# north of Italy?



## ben83s (Oct 23, 2012)

hi, ill be in the north of Italy (alessandria) till near the end of the year.
a bit new to mtb so does anyone have some advice of where to go?


----------



## Matte86 (Mar 10, 2012)

Hi Ben83s,
I live in Borgosesia (VC) that could be near to Alessandria, it depends where you are from..  ..anyway I can give you some advice..but it really depends on what you like. XC, Enduro, DH?..
Let me know..and I'll try to help.. 
If you like enduro 3 stages of the Superenduro series were held very close to where I live..


----------



## ben83s (Oct 23, 2012)

Matte86 said:


> Hi Ben83s,
> I live in Borgosesia (VC) that could be near to Alessandria, it depends where you are from..  ..anyway I can give you some advice..but it really depends on what you like.

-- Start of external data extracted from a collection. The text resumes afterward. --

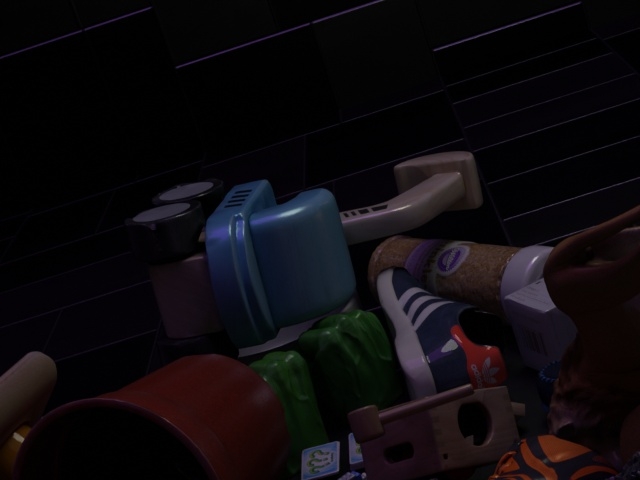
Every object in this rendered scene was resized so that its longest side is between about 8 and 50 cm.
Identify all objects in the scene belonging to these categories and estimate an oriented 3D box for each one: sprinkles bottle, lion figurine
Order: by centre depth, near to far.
[{"bbox_3d":[0.314,0.081,1.556,0.240,0.392,0.142,-12,36,20],"label":"lion figurine"},{"bbox_3d":[0.218,0.061,2.169,0.121,0.121,0.355,-29,19,-31],"label":"sprinkles bottle"}]

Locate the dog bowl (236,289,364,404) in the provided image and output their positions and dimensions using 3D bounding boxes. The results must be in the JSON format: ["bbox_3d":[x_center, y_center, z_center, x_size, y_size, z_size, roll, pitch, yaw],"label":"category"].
[{"bbox_3d":[-0.057,0.158,2.187,0.265,0.104,0.265,-17,17,5],"label":"dog bowl"}]

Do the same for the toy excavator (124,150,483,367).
[{"bbox_3d":[0.000,0.000,2.098,0.445,0.222,0.433,-10,13,10],"label":"toy excavator"}]

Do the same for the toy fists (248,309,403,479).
[{"bbox_3d":[-0.012,0.190,1.973,0.279,0.142,0.096,-31,20,-35],"label":"toy fists"}]

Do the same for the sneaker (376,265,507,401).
[{"bbox_3d":[0.169,0.124,2.032,0.148,0.131,0.350,-17,25,1],"label":"sneaker"}]

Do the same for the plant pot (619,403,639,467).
[{"bbox_3d":[0.426,0.187,1.432,0.254,0.237,0.237,-26,9,37],"label":"plant pot"}]

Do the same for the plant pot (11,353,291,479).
[{"bbox_3d":[-0.174,0.266,1.750,0.272,0.272,0.265,-11,11,24],"label":"plant pot"}]

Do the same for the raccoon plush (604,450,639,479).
[{"bbox_3d":[0.298,0.225,1.306,0.446,0.216,0.299,-50,27,-17],"label":"raccoon plush"}]

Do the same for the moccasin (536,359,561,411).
[{"bbox_3d":[0.409,0.133,1.737,0.342,0.117,0.138,-9,19,30],"label":"moccasin"}]

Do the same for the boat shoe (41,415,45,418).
[{"bbox_3d":[-0.306,0.314,2.013,0.094,0.109,0.302,-10,21,-26],"label":"boat shoe"}]

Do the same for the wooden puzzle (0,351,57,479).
[{"bbox_3d":[-0.414,0.339,1.731,0.080,0.348,0.322,27,31,10],"label":"wooden puzzle"}]

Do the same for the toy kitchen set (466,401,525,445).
[{"bbox_3d":[0.196,0.236,1.813,0.083,0.075,0.068,10,-30,-12],"label":"toy kitchen set"}]

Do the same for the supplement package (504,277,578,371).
[{"bbox_3d":[0.350,0.092,1.951,0.179,0.105,0.105,-25,17,-19],"label":"supplement package"}]

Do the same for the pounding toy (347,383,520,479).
[{"bbox_3d":[0.118,0.219,1.622,0.206,0.094,0.181,-3,-15,-39],"label":"pounding toy"}]

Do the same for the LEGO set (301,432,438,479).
[{"bbox_3d":[0.053,0.273,1.773,0.182,0.060,0.244,-16,21,8],"label":"LEGO set"}]

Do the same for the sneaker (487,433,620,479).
[{"bbox_3d":[0.165,0.290,1.549,0.321,0.125,0.180,-5,15,8],"label":"sneaker"}]
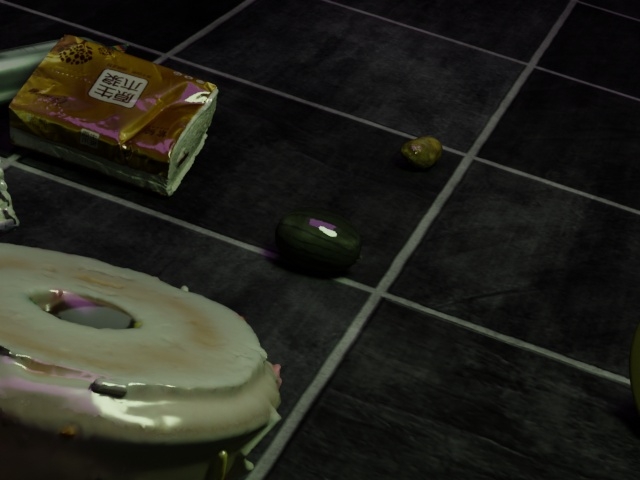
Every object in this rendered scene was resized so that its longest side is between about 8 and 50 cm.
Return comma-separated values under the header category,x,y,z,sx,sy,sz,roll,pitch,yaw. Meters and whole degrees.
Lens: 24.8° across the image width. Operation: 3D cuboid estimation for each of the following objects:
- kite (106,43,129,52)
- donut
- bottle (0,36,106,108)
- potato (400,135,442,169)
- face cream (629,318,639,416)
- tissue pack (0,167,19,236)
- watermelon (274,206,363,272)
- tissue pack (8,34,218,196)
category,x,y,z,sx,sy,sz,roll,pitch,yaw
kite,-0.316,-0.279,2.208,0.090,0.004,0.122,8,28,-12
donut,-0.222,0.121,1.272,0.382,0.142,0.382,15,13,-4
bottle,-0.391,-0.228,1.988,0.096,0.080,0.253,7,17,38
potato,0.147,-0.126,2.091,0.045,0.046,0.092,-14,4,27
face cream,0.466,0.136,1.543,0.179,0.218,0.218,-10,35,-37
tissue pack,-0.488,-0.006,1.374,0.242,0.125,0.343,-12,3,43
watermelon,0.000,0.000,1.744,0.110,0.078,0.078,14,27,-2
tissue pack,-0.265,-0.162,1.881,0.226,0.092,0.183,18,45,6
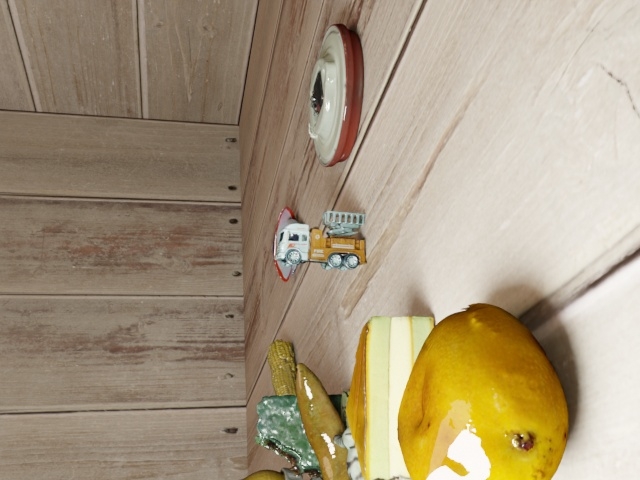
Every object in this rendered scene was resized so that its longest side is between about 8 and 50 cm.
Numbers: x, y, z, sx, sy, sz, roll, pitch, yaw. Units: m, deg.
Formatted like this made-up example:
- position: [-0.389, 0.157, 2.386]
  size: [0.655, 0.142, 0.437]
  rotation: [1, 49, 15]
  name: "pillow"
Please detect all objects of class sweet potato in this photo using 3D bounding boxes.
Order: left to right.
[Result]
- position: [0.012, 0.409, 1.308]
  size: [0.079, 0.108, 0.346]
  rotation: [-23, 73, 31]
  name: "sweet potato"

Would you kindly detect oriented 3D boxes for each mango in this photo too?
- position: [0.167, 0.154, 0.697]
  size: [0.236, 0.136, 0.166]
  rotation: [-112, 40, -71]
  name: "mango"

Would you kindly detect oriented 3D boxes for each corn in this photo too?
- position: [-0.107, 0.398, 2.014]
  size: [0.288, 0.086, 0.087]
  rotation: [-108, 24, -55]
  name: "corn"

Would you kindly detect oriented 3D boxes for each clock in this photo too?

XC, Enduro, DH?..
> Let me know..and I'll try to help..
> If you like enduro 3 stages of the Superenduro series were held very close to where I live..


Hi Matte,

I'm still very new to having a proper mountain bike so can't say 100%. I'm half way between Alessandria and Asti and its all very flat here. To be honest any pointers so anything with a slope would be a start


----------